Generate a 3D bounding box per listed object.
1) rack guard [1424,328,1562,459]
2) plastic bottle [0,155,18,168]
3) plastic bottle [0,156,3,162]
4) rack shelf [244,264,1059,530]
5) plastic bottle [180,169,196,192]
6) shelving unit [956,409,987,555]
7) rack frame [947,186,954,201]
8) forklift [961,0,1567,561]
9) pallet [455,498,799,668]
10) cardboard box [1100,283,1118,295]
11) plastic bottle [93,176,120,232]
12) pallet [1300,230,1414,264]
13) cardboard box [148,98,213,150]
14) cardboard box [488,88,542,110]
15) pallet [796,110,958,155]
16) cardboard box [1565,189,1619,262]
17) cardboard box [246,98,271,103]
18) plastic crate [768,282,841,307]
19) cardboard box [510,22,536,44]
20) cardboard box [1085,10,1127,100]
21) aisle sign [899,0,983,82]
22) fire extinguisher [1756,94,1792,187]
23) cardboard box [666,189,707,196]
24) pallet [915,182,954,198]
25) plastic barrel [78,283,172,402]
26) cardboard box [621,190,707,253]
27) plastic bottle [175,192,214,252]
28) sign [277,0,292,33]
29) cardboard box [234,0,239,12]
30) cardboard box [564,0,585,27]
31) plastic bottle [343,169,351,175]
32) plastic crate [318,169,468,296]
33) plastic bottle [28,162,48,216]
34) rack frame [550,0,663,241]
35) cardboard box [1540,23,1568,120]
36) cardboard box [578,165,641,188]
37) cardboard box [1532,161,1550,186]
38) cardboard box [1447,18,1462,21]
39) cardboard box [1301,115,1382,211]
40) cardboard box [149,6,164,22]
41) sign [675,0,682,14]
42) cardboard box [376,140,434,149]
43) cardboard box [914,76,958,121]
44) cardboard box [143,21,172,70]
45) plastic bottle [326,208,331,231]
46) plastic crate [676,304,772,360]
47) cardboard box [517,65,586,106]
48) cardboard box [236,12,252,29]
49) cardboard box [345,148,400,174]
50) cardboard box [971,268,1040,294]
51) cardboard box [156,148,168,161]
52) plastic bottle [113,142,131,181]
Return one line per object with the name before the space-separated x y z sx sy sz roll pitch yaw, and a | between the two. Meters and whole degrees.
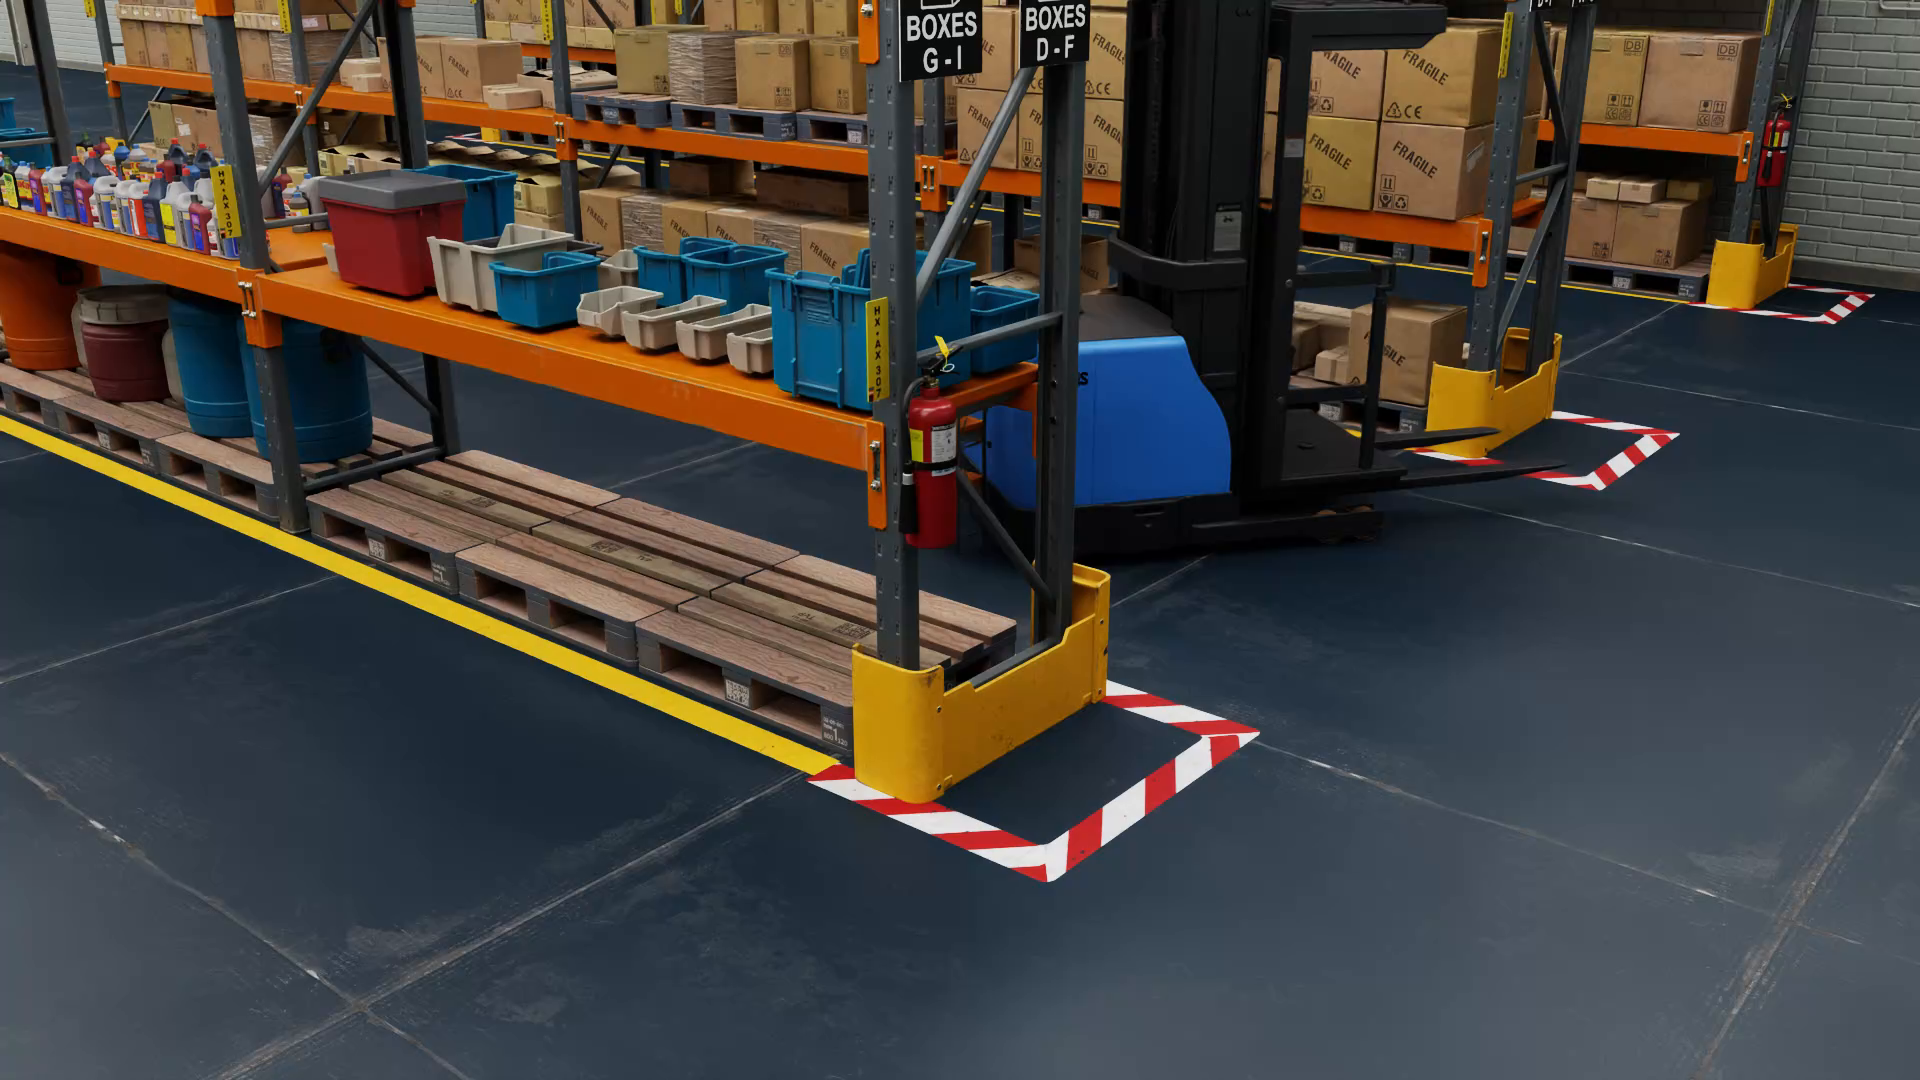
rack guard | 3.150 -0.881 9.796 0.348 0.500 1.175 16 26 36
plastic bottle | -5.523 -2.100 9.669 0.097 0.271 0.097 0 21 0
plastic bottle | -5.634 -2.119 9.713 0.135 0.276 0.152 16 26 36
rack shelf | -1.475 -0.790 7.032 4.000 0.370 1.077 16 26 36
plastic bottle | -3.996 -1.746 8.618 0.185 0.351 0.144 16 26 36
shelving unit | -0.034 -0.475 7.940 0.252 1.050 0.215 18 27 40
rack frame | 0.141 -5.174 17.637 0.127 3.000 1.000 16 26 36
forklift | 1.581 -1.524 8.056 3.031 2.935 1.130 -6 21 -14
pallet | -1.481 0.157 7.452 1.213 0.211 1.003 16 26 36
cardboard box | 1.312 -1.657 11.499 0.500 0.311 0.500 16 26 36
plastic bottle | -4.492 -1.790 8.840 0.135 0.276 0.152 16 26 36
pallet | 3.779 -2.785 15.255 1.213 0.211 1.003 16 26 36
cardboard box | -8.523 -4.573 18.282 0.500 0.500 0.500 16 26 36
cardboard box | -3.860 -3.826 14.420 0.250 0.149 0.380 16 26 36
pallet | -0.440 -3.045 12.263 1.213 0.211 1.003 16 26 36
cardboard box | 5.345 -2.656 13.908 0.500 0.500 0.700 16 26 36
cardboard box | -7.799 -4.607 18.373 0.500 0.500 0.500 16 26 36
plastic crate | -0.631 -0.976 6.794 0.298 0.136 0.250 16 26 36
cardboard box | -5.469 -6.590 21.577 0.500 0.250 0.500 15 25 35
cardboard box | 1.095 -3.029 10.391 0.500 0.500 0.500 15 25 35
aisle sign | -0.055 -1.801 5.008 0.004 0.787 0.394 16 26 36
fire extinguisher | 6.164 -3.018 12.559 0.183 0.674 0.296 16 26 36
cardboard box | -2.116 -2.710 14.024 0.500 0.500 0.500 17 27 38
pallet | -0.464 -4.044 18.592 1.213 0.211 1.003 16 26 36
plastic barrel | -4.859 -1.177 9.861 0.708 0.588 0.600 16 26 36
cardboard box | -2.408 -2.560 13.625 0.500 0.500 0.500 15 25 34
plastic bottle | -3.817 -1.596 8.325 0.135 0.276 0.152 16 26 36
sign | -6.437 -5.001 15.840 0.005 0.325 0.100 16 26 36
cardboard box | -7.215 -5.686 17.016 0.500 0.500 0.700 16 26 36
cardboard box | -4.697 -6.718 20.853 0.500 0.500 0.500 17 27 38
plastic bottle | -3.124 -1.726 8.564 0.185 0.351 0.144 16 26 36
plastic crate | -2.491 -1.363 7.357 0.583 0.464 0.402 16 26 36
plastic bottle | -5.126 -1.956 9.268 0.133 0.283 0.061 16 26 36
rack frame | -2.989 -3.819 14.043 0.127 3.000 1.000 16 26 36
cardboard box | 4.781 -3.972 14.025 0.700 0.700 0.980 15 25 34
cardboard box | -3.209 -3.188 14.878 0.500 0.311 0.500 17 27 38
cardboard box | 4.973 -3.157 14.317 0.250 0.149 0.380 16 26 37
cardboard box | 2.622 -2.834 9.874 0.500 0.500 0.500 16 26 37
cardboard box | 2.286 -2.221 9.665 0.500 0.500 0.500 16 26 37
cardboard box | -8.426 -5.636 17.802 0.250 0.149 0.380 16 26 35
sign | -3.295 -6.321 19.452 0.005 0.325 0.100 16 26 36
cardboard box | -5.593 -3.871 16.690 0.500 0.311 0.500 16 26 36
cardboard box | -0.115 -3.336 12.028 0.500 0.500 0.700 7 22 18
cardboard box | -8.423 -5.427 18.166 0.500 0.500 0.700 17 26 38
plastic bottle | -3.319 -1.783 8.829 0.097 0.271 0.097 0 21 0
plastic crate | -0.887 -0.786 6.291 0.243 0.136 0.396 16 26 36
cardboard box | -3.559 -4.029 14.729 0.500 0.311 0.500 16 26 36
cardboard box | -7.033 -5.235 16.739 0.250 0.149 0.380 16 26 36
cardboard box | -5.540 -3.610 15.997 0.500 0.311 0.500 16 26 36
cardboard box | 0.299 -1.721 11.669 0.500 0.311 0.500 16 26 36
cardboard box | -8.522 -4.222 18.416 0.500 0.250 0.500 16 26 36
plastic bottle | -5.133 -2.306 10.214 0.097 0.271 0.097 0 21 0

EXERCISE: For the entries above, return an exact copy that omits the images.

WORKED SOLUTION:
Generate a 3D bounding box per listed object.
1) rack guard [1424,328,1562,459]
2) plastic bottle [0,155,18,168]
3) plastic bottle [0,156,3,162]
4) rack shelf [244,264,1059,530]
5) plastic bottle [180,169,196,192]
6) shelving unit [956,409,987,555]
7) rack frame [947,186,954,201]
8) forklift [961,0,1567,561]
9) pallet [455,498,799,668]
10) cardboard box [1100,283,1118,295]
11) plastic bottle [93,176,120,232]
12) pallet [1300,230,1414,264]
13) cardboard box [148,98,213,150]
14) cardboard box [488,88,542,110]
15) pallet [796,110,958,155]
16) cardboard box [1565,189,1619,262]
17) cardboard box [246,98,271,103]
18) plastic crate [768,282,841,307]
19) cardboard box [510,22,536,44]
20) cardboard box [1085,10,1127,100]
21) aisle sign [899,0,983,82]
22) fire extinguisher [1756,94,1792,187]
23) cardboard box [666,189,707,196]
24) pallet [915,182,954,198]
25) plastic barrel [78,283,172,402]
26) cardboard box [621,190,707,253]
27) plastic bottle [175,192,214,252]
28) sign [277,0,292,33]
29) cardboard box [234,0,239,12]
30) cardboard box [564,0,585,27]
31) plastic bottle [343,169,351,175]
32) plastic crate [318,169,468,296]
33) plastic bottle [28,162,48,216]
34) rack frame [550,0,663,241]
35) cardboard box [1540,23,1568,120]
36) cardboard box [578,165,641,188]
37) cardboard box [1532,161,1550,186]
38) cardboard box [1447,18,1462,21]
39) cardboard box [1301,115,1382,211]
40) cardboard box [149,6,164,22]
41) sign [675,0,682,14]
42) cardboard box [376,140,434,149]
43) cardboard box [914,76,958,121]
44) cardboard box [143,21,172,70]
45) plastic bottle [326,208,331,231]
46) plastic crate [676,304,772,360]
47) cardboard box [517,65,586,106]
48) cardboard box [236,12,252,29]
49) cardboard box [345,148,400,174]
50) cardboard box [971,268,1040,294]
51) cardboard box [156,148,168,161]
52) plastic bottle [113,142,131,181]
Return one line per object with the name before the space-separated x y z sx sy sz roll pitch yaw, and a | between the two. Meters and whole degrees.
rack guard | 3.150 -0.881 9.796 0.348 0.500 1.175 16 26 36
plastic bottle | -5.523 -2.100 9.669 0.097 0.271 0.097 0 21 0
plastic bottle | -5.634 -2.119 9.713 0.135 0.276 0.152 16 26 36
rack shelf | -1.475 -0.790 7.032 4.000 0.370 1.077 16 26 36
plastic bottle | -3.996 -1.746 8.618 0.185 0.351 0.144 16 26 36
shelving unit | -0.034 -0.475 7.940 0.252 1.050 0.215 18 27 40
rack frame | 0.141 -5.174 17.637 0.127 3.000 1.000 16 26 36
forklift | 1.581 -1.524 8.056 3.031 2.935 1.130 -6 21 -14
pallet | -1.481 0.157 7.452 1.213 0.211 1.003 16 26 36
cardboard box | 1.312 -1.657 11.499 0.500 0.311 0.500 16 26 36
plastic bottle | -4.492 -1.790 8.840 0.135 0.276 0.152 16 26 36
pallet | 3.779 -2.785 15.255 1.213 0.211 1.003 16 26 36
cardboard box | -8.523 -4.573 18.282 0.500 0.500 0.500 16 26 36
cardboard box | -3.860 -3.826 14.420 0.250 0.149 0.380 16 26 36
pallet | -0.440 -3.045 12.263 1.213 0.211 1.003 16 26 36
cardboard box | 5.345 -2.656 13.908 0.500 0.500 0.700 16 26 36
cardboard box | -7.799 -4.607 18.373 0.500 0.500 0.500 16 26 36
plastic crate | -0.631 -0.976 6.794 0.298 0.136 0.250 16 26 36
cardboard box | -5.469 -6.590 21.577 0.500 0.250 0.500 15 25 35
cardboard box | 1.095 -3.029 10.391 0.500 0.500 0.500 15 25 35
aisle sign | -0.055 -1.801 5.008 0.004 0.787 0.394 16 26 36
fire extinguisher | 6.164 -3.018 12.559 0.183 0.674 0.296 16 26 36
cardboard box | -2.116 -2.710 14.024 0.500 0.500 0.500 17 27 38
pallet | -0.464 -4.044 18.592 1.213 0.211 1.003 16 26 36
plastic barrel | -4.859 -1.177 9.861 0.708 0.588 0.600 16 26 36
cardboard box | -2.408 -2.560 13.625 0.500 0.500 0.500 15 25 34
plastic bottle | -3.817 -1.596 8.325 0.135 0.276 0.152 16 26 36
sign | -6.437 -5.001 15.840 0.005 0.325 0.100 16 26 36
cardboard box | -7.215 -5.686 17.016 0.500 0.500 0.700 16 26 36
cardboard box | -4.697 -6.718 20.853 0.500 0.500 0.500 17 27 38
plastic bottle | -3.124 -1.726 8.564 0.185 0.351 0.144 16 26 36
plastic crate | -2.491 -1.363 7.357 0.583 0.464 0.402 16 26 36
plastic bottle | -5.126 -1.956 9.268 0.133 0.283 0.061 16 26 36
rack frame | -2.989 -3.819 14.043 0.127 3.000 1.000 16 26 36
cardboard box | 4.781 -3.972 14.025 0.700 0.700 0.980 15 25 34
cardboard box | -3.209 -3.188 14.878 0.500 0.311 0.500 17 27 38
cardboard box | 4.973 -3.157 14.317 0.250 0.149 0.380 16 26 37
cardboard box | 2.622 -2.834 9.874 0.500 0.500 0.500 16 26 37
cardboard box | 2.286 -2.221 9.665 0.500 0.500 0.500 16 26 37
cardboard box | -8.426 -5.636 17.802 0.250 0.149 0.380 16 26 35
sign | -3.295 -6.321 19.452 0.005 0.325 0.100 16 26 36
cardboard box | -5.593 -3.871 16.690 0.500 0.311 0.500 16 26 36
cardboard box | -0.115 -3.336 12.028 0.500 0.500 0.700 7 22 18
cardboard box | -8.423 -5.427 18.166 0.500 0.500 0.700 17 26 38
plastic bottle | -3.319 -1.783 8.829 0.097 0.271 0.097 0 21 0
plastic crate | -0.887 -0.786 6.291 0.243 0.136 0.396 16 26 36
cardboard box | -3.559 -4.029 14.729 0.500 0.311 0.500 16 26 36
cardboard box | -7.033 -5.235 16.739 0.250 0.149 0.380 16 26 36
cardboard box | -5.540 -3.610 15.997 0.500 0.311 0.500 16 26 36
cardboard box | 0.299 -1.721 11.669 0.500 0.311 0.500 16 26 36
cardboard box | -8.522 -4.222 18.416 0.500 0.250 0.500 16 26 36
plastic bottle | -5.133 -2.306 10.214 0.097 0.271 0.097 0 21 0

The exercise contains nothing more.